Regionally 68,854 or 60.5 percent of all job vacancies were located in the Twin Cities seven-county area, while the remaining 44,920 vacancies or 39.5 percent were located in Greater Minnesota during fourth quarter 2017. Compared to one year ago, the number of job vacancies increased by 19.3 percent in the Twin Cities and 13.3 percent in Greater Minnesota.
The Twin Cities' job vacancy rate was 4.1 percent, and Greater Minnesota's was 4.3 percent. However, the Twin Cities continues to have a ratio of less than one at 0.6 unemployed persons to each job vacancy, while Greater Minnesota's ratio is 1.0 unemployed persons to each job vacancy. While there is a slightly higher share of unfilled positions in Greater Minnesota, there is also a higher share of unemployed.
The overall median wage offer is higher in the Twin Cities than Greater Minnesota at $14.95 compared to $13.54. One reason for this is that job offers tend to be higher in the Twin Cities for the same occupation. Overall 277 occupations have lower median wage offers in Greater Minnesota than the Twin Cities and 73 have higher median wage offers.

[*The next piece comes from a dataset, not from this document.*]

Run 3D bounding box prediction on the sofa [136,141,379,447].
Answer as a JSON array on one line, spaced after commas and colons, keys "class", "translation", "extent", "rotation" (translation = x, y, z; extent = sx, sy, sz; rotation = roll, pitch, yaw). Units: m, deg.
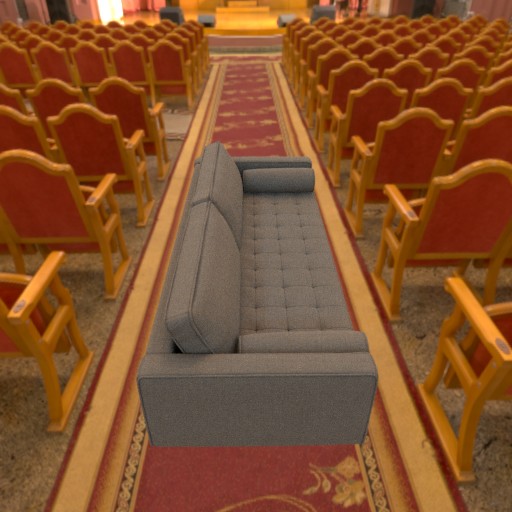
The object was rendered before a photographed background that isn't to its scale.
[{"class": "sofa", "translation": [0.000, 0.000, 2.617], "extent": [0.914, 0.762, 2.198], "rotation": [0, 33, -1]}]

Minnesota's labor market is expected to continue to tighten as more and more Baby Boomers retire. In 2017 we already saw record numbers of job vacancies. These record breaking numbers are likely to be the norm for years to come barring another recession. It will be interesting to watch how employers respond to this new labor market reality.
Job Vacancy Survey Methodology
Minnesota's Labor Market Information Office has run an economy wide Minnesota Job Vacancy Survey during the second and fourth quarters of the year since 2001. We survey about 10,000 firms for each round. Firms are selected based on a sampling procedure that stratifies by Economic Development Region, firm size (one to nine employees, 10 to 49 employees, 50 to 249 employees, and 250 employees or more), and 20 industrial sectors so as to achieve complete coverage of the state's economy.
Over half of the firms are sent paper surveys to complete. These tend to be the smaller firms. Data for the other 3,800 firms are collected from each company's website. Overall, a 70 to 75 percent response rate is achieved in each round. Starting this year, a supplemental survey will be mailed to companies in the sample that do not provide wage offers in their on-line job postings. Information about wage offers is not only important to job seekers and employers but is also an important indicator of the overall labor market. We hope through this process to achieve a better representation of wage offers in Minnesota.